Owe krzyżyki precyzyjnie grawerowane na szybie, stykającej się z emulsją światłoczułą filmu w chwili ekspozycji, służyły do pomiarów deformacji obrazu oraz umożliwiały pomiary rozmiarów kątowych różnych obiektów na zdjęciu. To znana metoda stosowana wtedy w wielu innych misjach planetarnych (Ranger, Mariner, Zond, itp).
Oświetlenie na zdjęciach z misji Apollo jest naturalne i zastane, zgodne z fazami Księżyca i wysokością Słońca nad horyzontem oraz lokalną topografią terenu. Jeśli chodzi o podobny wygląd wzgórz fotografowanych z różnych miejsc, należy uwzględnić rzeczywiste odległości z jakich je fotografowano. Przykładowo, jeśli wzgórza o wysokości 2,5km wyglądają identycznie na zdjęciu wykonanym przy lądowniku i na zdjęciu wykonanym 100-200 metrów dalej, bliżej lub w bok od niego, to należy uwzględnić odległość tych wzgórz od lądownika. W realu są to odległości 6-8km (np. lądowiska Apollo 15,17). Sam przyznasz, że przy takiej skali odległości, różnice profilu gór będą niewielkie. Podczas jazdy samochodem, widok odległych gór raczej wolno się zmienia. Zdjęcia księżycowych krajobrazów są jak najbardziej autentyczne, jednak brak perspektywy powietrznej, niektórzy biorą za płaskie makiety.
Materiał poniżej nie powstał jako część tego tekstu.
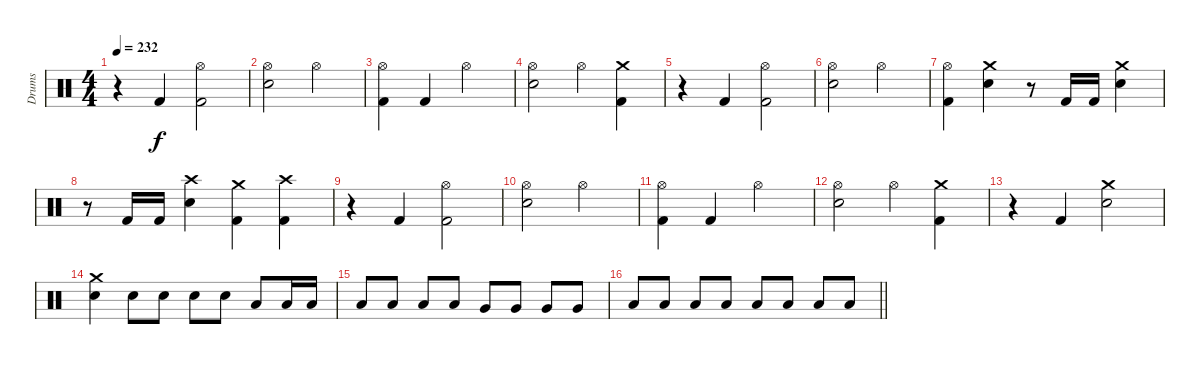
\track ("Drums" "Drums") {instrument percussion}
\staff {score}
\articulation defaults
\ts (4 4)
\tempo 232
\clef neutral
\ks c
r.4{dy f} "Kick (hit) 2".4 ("Kick (hit) 2" "Hi-Hat (open)").2 |
("Hi-Hat (open)" "Electric Snare (hit)").2 "Hi-Hat (open)".2 |
("Hi-Hat (open)" "Kick (hit) 2").4 "Kick (hit) 2".4 "Hi-Hat (open)".2 |
("Hi-Hat (open)" "Electric Snare (hit)").2 "Hi-Hat (open)".4 ("Crash medium (hit)" "Kick (hit) 2").4 |
r.4 "Kick (hit) 2".4 ("Kick (hit) 2" "Hi-Hat (open)").2 |
("Hi-Hat (open)" "Electric Snare (hit)").2 "Hi-Hat (open)".2 |
("Kick (hit) 2" "Hi-Hat (open)").4 ("Electric Snare (hit)" "Crash medium (hit)").4 r.8 "Kick (hit) 2".16 "Kick (hit) 2".16 ("Crash medium (hit)" "Electric Snare (hit)").4 |
r.8 "Kick (hit) 2".16 "Kick (hit) 2".16 ("Crash high (hit)" "Electric Snare (hit)").4 ("Kick (hit) 2" "Crash medium (hit)").4 ("Kick (hit) 2" "Crash high (hit)").4 |
r.4 "Kick (hit) 2".4 ("Kick (hit) 2" "Hi-Hat (open)").2 |
("Hi-Hat (open)" "Electric Snare (hit)").2 "Hi-Hat (open)".2 |
("Hi-Hat (open)" "Kick (hit) 2").4 "Kick (hit) 2".4 "Hi-Hat (open)".2 |
("Hi-Hat (open)" "Electric Snare (hit)").2 "Hi-Hat (open)".4 ("Crash medium (hit)" "Kick (hit) 2").4 |
r.4 "Kick (hit) 2".4 ("Electric Snare (hit)" "Crash medium (hit)").2 |
("Electric Snare (hit)" "Crash medium (hit)").4 "Electric Snare (hit)".8 "Electric Snare (hit)".8 "Electric Snare (hit)".8 "Electric Snare (hit)".8 "Low Tom (hit)".8 "Low Tom (hit)".16 "Low Tom (hit)".16 |
"Low Tom (hit)".8 "Low Tom (hit)".8 "Low Tom (hit)".8 "Low Tom (hit)".8 "Very Low Tom (hit)".8 "Very Low Tom (hit)".8 "Very Low Tom (hit)".8 "Very Low Tom (hit)".8 |
\barLineRight lightlight "Low Floor Tom (hit)".8 "Low Floor Tom (hit)".8 "Low Floor Tom (hit)".8 "Low Floor Tom (hit)".8 "Low Floor Tom (hit)".8 "Low Floor Tom (hit)".8 "Low Floor Tom (hit)".8 "Low Floor Tom (hit)".8

Z topografią Księżyca znam się od od lat dziecięcych i przyznam, że to już kilka dekad czasu. Dość dobrze poznałem jego wygląd, lecz podaj owe współrzędne tego 8km "wlotu", bym mógł się wypowiedzieć.
Postaraj się skupić na jednym problemie, to sprawniej wyjaśnimy zagadnienia, które Ciebie interesują.